§ **Instructions for the task**
Retype, word for word, every line from the one holding "fillet(fillet2_edges, radius=FILLET2_R - 0.0001)" through the one holding "solid = part.part" in the entries below, both included, and only those lines.

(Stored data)
----------

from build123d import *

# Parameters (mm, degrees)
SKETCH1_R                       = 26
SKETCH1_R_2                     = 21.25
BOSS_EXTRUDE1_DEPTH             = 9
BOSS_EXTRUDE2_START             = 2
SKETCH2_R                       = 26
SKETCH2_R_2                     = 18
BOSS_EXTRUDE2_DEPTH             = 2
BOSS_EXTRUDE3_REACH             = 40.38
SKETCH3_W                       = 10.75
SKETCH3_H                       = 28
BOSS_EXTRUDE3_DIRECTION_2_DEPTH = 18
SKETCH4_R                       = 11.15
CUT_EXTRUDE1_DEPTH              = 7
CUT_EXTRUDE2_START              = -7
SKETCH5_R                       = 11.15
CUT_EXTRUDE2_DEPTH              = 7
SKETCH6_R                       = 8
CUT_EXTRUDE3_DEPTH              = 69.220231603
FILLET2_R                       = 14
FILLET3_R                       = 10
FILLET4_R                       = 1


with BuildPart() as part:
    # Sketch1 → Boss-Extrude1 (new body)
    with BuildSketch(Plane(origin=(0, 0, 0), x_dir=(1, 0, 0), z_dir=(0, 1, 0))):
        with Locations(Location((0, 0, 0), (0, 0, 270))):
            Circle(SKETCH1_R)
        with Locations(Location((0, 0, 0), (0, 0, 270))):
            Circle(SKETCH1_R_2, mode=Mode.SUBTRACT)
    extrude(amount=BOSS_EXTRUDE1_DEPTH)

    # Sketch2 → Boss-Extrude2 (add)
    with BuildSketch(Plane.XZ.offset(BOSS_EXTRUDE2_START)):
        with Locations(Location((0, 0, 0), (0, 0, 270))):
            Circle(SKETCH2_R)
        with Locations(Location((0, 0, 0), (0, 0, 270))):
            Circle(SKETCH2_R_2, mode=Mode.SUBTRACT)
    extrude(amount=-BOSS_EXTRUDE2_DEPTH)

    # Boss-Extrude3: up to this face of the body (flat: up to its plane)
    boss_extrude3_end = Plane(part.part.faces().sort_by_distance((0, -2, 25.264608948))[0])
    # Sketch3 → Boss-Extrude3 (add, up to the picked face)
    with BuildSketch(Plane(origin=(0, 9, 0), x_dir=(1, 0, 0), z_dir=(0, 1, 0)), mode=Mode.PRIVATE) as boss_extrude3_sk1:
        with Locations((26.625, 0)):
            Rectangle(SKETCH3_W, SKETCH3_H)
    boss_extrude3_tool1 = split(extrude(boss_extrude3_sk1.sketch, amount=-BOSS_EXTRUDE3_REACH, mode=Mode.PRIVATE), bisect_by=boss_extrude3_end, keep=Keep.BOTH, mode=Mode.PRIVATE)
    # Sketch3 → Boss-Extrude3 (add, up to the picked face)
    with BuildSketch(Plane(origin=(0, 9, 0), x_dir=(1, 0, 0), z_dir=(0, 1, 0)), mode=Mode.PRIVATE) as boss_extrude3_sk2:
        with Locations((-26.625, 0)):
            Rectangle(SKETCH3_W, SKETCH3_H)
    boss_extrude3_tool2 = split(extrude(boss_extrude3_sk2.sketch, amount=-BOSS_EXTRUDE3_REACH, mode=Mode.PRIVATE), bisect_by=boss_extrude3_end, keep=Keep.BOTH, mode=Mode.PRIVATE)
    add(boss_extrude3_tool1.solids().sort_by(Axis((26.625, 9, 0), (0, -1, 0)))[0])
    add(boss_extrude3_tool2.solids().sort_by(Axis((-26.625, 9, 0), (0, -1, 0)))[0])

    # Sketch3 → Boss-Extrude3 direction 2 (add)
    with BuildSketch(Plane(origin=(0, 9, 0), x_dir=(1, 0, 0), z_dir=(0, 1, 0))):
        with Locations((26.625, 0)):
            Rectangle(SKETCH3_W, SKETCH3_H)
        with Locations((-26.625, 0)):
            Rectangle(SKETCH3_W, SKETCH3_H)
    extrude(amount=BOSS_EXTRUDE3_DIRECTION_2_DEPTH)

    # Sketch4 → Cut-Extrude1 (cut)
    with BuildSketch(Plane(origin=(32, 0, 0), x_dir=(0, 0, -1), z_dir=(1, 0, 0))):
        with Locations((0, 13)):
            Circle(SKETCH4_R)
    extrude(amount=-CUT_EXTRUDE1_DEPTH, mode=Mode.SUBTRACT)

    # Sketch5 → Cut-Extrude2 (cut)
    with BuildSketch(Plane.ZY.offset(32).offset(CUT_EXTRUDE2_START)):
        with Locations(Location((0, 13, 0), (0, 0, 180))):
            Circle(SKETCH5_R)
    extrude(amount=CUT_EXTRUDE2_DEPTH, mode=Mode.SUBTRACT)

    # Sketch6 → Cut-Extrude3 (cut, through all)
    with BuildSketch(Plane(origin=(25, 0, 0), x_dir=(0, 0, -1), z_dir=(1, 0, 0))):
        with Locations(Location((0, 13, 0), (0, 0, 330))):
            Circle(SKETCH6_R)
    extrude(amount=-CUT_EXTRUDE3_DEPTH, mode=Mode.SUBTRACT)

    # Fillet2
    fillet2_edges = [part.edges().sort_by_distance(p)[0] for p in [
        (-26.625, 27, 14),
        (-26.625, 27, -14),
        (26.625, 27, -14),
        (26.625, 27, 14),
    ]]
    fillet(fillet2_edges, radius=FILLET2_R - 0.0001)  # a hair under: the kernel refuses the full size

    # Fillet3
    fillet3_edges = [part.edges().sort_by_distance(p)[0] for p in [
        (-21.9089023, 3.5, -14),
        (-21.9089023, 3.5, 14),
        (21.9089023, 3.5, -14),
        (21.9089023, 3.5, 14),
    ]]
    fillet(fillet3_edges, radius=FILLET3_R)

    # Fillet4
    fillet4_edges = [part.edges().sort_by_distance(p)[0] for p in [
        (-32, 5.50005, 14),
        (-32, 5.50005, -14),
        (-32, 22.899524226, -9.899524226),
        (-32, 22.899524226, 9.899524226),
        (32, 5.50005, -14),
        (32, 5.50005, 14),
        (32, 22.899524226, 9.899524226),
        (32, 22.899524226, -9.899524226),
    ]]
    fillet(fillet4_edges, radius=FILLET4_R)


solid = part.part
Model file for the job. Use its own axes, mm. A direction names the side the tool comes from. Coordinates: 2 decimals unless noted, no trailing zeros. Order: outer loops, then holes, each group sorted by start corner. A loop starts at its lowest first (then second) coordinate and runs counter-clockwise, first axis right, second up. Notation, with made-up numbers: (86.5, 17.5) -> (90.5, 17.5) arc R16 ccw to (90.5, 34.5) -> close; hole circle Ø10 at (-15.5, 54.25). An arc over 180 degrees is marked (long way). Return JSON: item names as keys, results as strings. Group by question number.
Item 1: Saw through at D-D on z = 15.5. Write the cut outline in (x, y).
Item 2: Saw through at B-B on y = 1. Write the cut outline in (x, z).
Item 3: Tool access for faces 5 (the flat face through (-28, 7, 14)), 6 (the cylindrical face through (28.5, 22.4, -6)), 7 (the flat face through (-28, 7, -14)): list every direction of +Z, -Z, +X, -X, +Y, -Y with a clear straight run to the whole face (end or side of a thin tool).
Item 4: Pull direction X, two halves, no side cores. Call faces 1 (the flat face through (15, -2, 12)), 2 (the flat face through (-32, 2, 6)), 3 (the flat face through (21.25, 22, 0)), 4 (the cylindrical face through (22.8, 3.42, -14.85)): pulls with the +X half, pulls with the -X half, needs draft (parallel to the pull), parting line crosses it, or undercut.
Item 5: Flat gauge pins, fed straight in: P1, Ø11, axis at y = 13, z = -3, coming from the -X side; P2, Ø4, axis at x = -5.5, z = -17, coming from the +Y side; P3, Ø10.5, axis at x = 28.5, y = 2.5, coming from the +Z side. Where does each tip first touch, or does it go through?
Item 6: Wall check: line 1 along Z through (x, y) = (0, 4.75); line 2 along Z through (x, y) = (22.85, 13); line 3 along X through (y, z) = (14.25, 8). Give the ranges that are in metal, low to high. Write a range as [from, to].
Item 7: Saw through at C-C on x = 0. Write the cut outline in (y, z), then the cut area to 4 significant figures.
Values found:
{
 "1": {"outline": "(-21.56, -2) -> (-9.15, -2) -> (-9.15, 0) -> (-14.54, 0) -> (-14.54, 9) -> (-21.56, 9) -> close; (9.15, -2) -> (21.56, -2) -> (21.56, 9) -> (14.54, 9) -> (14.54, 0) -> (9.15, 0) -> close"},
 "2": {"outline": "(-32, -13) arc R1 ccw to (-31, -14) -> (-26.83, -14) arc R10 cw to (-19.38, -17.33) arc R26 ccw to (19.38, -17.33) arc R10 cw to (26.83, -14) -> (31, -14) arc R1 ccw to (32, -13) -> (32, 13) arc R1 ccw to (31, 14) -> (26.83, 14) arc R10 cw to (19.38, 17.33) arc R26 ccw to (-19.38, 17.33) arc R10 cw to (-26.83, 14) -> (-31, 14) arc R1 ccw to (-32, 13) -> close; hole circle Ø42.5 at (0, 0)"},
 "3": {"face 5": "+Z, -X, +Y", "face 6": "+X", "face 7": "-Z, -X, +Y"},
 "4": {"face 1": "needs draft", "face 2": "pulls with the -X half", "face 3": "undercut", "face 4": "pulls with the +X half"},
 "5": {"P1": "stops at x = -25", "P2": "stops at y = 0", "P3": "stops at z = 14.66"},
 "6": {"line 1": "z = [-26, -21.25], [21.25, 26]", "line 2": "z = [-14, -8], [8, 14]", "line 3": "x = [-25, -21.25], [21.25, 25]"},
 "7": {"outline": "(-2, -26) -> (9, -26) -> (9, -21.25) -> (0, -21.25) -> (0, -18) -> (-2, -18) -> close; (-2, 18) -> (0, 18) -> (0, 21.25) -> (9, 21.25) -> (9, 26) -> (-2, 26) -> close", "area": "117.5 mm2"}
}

----------

§ **Task solution**
    fillet(fillet2_edges, radius=FILLET2_R - 0.0001)  # a hair under: the kernel refuses the full size

    # Fillet3
    fillet3_edges = [part.edges().sort_by_distance(p)[0] for p in [
        (-21.9089023, 3.5, -14),
        (-21.9089023, 3.5, 14),
        (21.9089023, 3.5, -14),
        (21.9089023, 3.5, 14),
    ]]
    fillet(fillet3_edges, radius=FILLET3_R)

    # Fillet4
    fillet4_edges = [part.edges().sort_by_distance(p)[0] for p in [
        (-32, 5.50005, 14),
        (-32, 5.50005, -14),
        (-32, 22.899524226, -9.899524226),
        (-32, 22.899524226, 9.899524226),
        (32, 5.50005, -14),
        (32, 5.50005, 14),
        (32, 22.899524226, 9.899524226),
        (32, 22.899524226, -9.899524226),
    ]]
    fillet(fillet4_edges, radius=FILLET4_R)


solid = part.part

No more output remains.